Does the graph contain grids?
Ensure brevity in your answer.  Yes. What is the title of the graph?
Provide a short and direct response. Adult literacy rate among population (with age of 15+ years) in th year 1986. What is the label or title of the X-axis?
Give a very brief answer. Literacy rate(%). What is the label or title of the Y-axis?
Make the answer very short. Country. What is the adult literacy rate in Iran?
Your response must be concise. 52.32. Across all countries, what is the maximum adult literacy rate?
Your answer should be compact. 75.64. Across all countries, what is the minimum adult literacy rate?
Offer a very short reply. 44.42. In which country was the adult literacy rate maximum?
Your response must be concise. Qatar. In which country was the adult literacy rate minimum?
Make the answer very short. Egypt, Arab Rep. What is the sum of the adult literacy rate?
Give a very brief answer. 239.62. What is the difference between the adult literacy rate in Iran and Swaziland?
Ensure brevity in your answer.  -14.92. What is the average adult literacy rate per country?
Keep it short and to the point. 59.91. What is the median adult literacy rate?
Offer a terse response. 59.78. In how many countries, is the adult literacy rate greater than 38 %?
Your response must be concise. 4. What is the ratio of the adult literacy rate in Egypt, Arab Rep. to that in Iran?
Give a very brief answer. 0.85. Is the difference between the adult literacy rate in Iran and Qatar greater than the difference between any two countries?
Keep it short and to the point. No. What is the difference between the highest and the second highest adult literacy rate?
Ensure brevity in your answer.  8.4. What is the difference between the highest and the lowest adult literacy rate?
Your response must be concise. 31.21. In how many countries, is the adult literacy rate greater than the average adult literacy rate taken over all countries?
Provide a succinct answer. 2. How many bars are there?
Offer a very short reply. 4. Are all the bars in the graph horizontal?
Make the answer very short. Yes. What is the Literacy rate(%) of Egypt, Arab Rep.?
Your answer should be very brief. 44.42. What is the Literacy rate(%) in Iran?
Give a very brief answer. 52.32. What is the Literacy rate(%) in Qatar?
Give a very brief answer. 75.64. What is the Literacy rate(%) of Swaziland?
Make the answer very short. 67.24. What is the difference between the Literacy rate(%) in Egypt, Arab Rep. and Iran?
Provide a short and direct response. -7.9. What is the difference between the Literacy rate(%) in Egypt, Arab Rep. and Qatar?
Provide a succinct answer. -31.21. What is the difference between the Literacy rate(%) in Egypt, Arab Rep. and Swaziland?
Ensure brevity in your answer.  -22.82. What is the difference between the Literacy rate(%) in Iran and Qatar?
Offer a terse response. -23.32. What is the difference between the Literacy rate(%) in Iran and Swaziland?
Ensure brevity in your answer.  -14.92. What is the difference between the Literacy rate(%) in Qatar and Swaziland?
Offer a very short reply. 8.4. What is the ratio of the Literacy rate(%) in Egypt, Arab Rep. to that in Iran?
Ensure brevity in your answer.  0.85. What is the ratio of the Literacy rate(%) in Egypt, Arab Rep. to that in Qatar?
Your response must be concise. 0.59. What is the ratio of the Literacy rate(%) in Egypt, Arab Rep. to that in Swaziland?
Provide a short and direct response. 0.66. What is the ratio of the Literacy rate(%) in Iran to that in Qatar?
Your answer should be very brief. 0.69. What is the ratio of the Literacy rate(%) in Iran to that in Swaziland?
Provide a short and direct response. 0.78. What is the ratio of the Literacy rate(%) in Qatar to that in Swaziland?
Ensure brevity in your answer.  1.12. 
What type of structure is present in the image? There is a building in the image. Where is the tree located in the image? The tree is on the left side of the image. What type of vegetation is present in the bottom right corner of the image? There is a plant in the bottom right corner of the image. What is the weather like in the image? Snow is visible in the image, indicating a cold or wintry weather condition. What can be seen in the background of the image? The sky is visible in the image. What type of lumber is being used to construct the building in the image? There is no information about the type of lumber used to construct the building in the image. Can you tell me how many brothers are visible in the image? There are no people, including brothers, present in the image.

━━━━

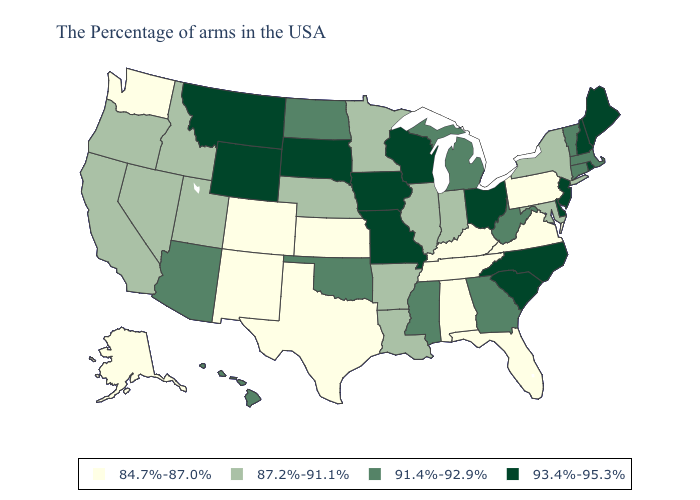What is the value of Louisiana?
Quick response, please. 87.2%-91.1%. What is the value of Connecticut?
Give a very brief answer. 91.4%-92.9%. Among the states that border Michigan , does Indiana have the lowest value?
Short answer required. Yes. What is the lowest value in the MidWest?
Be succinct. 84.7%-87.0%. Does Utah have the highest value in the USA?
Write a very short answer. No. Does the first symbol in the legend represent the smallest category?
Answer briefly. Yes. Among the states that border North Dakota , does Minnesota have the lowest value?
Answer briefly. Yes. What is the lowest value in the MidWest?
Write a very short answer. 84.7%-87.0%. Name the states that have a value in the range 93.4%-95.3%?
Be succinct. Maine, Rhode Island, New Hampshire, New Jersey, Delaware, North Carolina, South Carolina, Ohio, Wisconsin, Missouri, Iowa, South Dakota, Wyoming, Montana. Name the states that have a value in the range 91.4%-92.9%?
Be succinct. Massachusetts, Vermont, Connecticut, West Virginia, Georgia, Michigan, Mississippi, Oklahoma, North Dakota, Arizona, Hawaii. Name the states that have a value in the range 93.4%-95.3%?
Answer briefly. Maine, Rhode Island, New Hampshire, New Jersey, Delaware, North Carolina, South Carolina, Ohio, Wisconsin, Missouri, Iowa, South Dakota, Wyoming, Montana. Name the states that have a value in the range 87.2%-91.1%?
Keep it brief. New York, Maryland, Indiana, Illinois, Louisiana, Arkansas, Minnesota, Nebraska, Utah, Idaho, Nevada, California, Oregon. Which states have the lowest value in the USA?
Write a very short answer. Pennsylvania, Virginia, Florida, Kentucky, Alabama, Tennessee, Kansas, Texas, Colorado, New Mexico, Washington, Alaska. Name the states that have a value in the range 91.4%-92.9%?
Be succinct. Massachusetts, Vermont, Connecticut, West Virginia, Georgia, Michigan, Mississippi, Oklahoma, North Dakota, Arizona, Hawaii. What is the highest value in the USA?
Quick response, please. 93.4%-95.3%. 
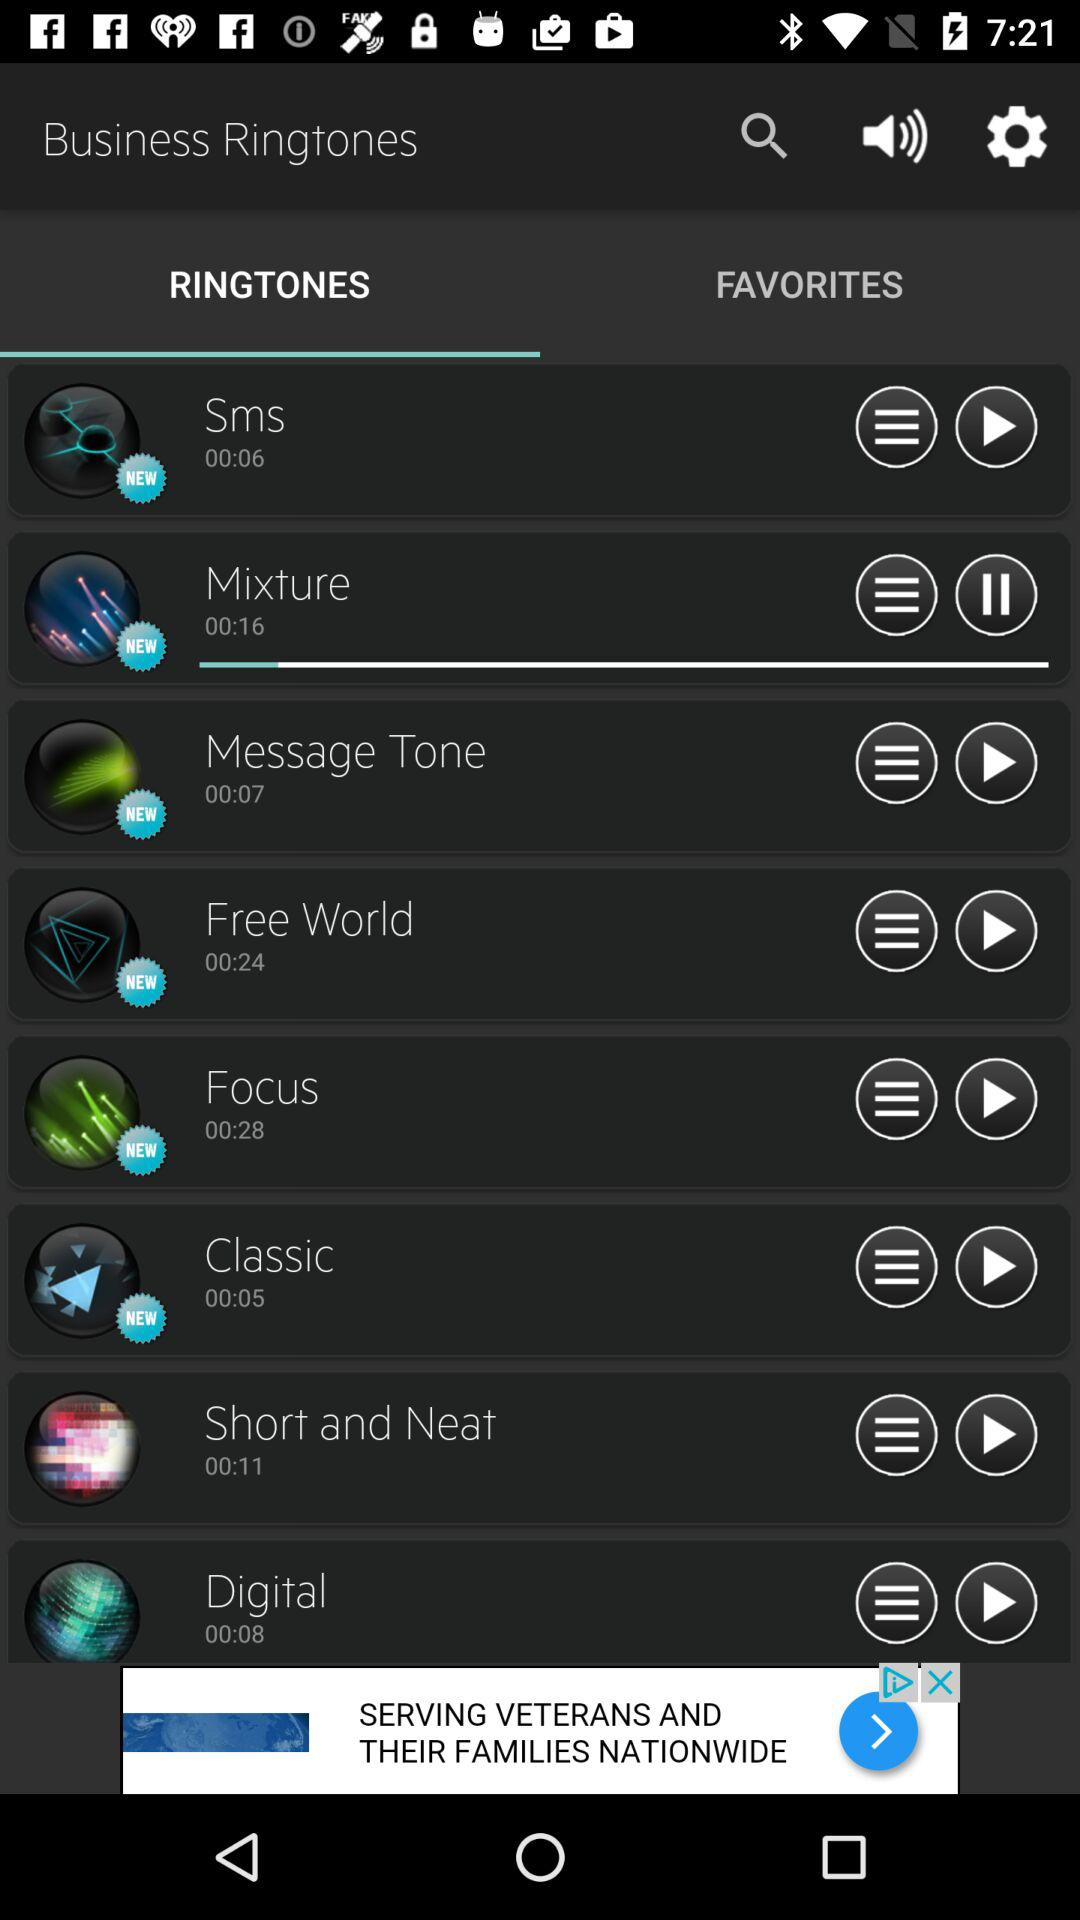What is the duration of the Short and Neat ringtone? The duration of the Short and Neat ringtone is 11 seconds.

━━━━

#### PROMPT
All lines above from the one holding "Be succinct. 84.7%-87.0%." to the one holding "Keep it brief.", inclusive, are to be copied exactly; no other line is wanted.

#### WORKED SOLUTION
Be succinct. 84.7%-87.0%. Does Utah have the highest value in the USA?
Write a very short answer. No. Does the first symbol in the legend represent the smallest category?
Answer briefly. Yes. Among the states that border North Dakota , does Minnesota have the lowest value?
Answer briefly. Yes. What is the lowest value in the MidWest?
Write a very short answer. 84.7%-87.0%. Name the states that have a value in the range 93.4%-95.3%?
Be succinct. Maine, Rhode Island, New Hampshire, New Jersey, Delaware, North Carolina, South Carolina, Ohio, Wisconsin, Missouri, Iowa, South Dakota, Wyoming, Montana. Name the states that have a value in the range 91.4%-92.9%?
Be succinct. Massachusetts, Vermont, Connecticut, West Virginia, Georgia, Michigan, Mississippi, Oklahoma, North Dakota, Arizona, Hawaii. Name the states that have a value in the range 93.4%-95.3%?
Answer briefly. Maine, Rhode Island, New Hampshire, New Jersey, Delaware, North Carolina, South Carolina, Ohio, Wisconsin, Missouri, Iowa, South Dakota, Wyoming, Montana. Name the states that have a value in the range 87.2%-91.1%?
Keep it brief. New York, Maryland, Indiana, Illinois, Louisiana, Arkansas, Minnesota, Nebraska, Utah, Idaho, Nevada, California, Oregon. Which states have the lowest value in the USA?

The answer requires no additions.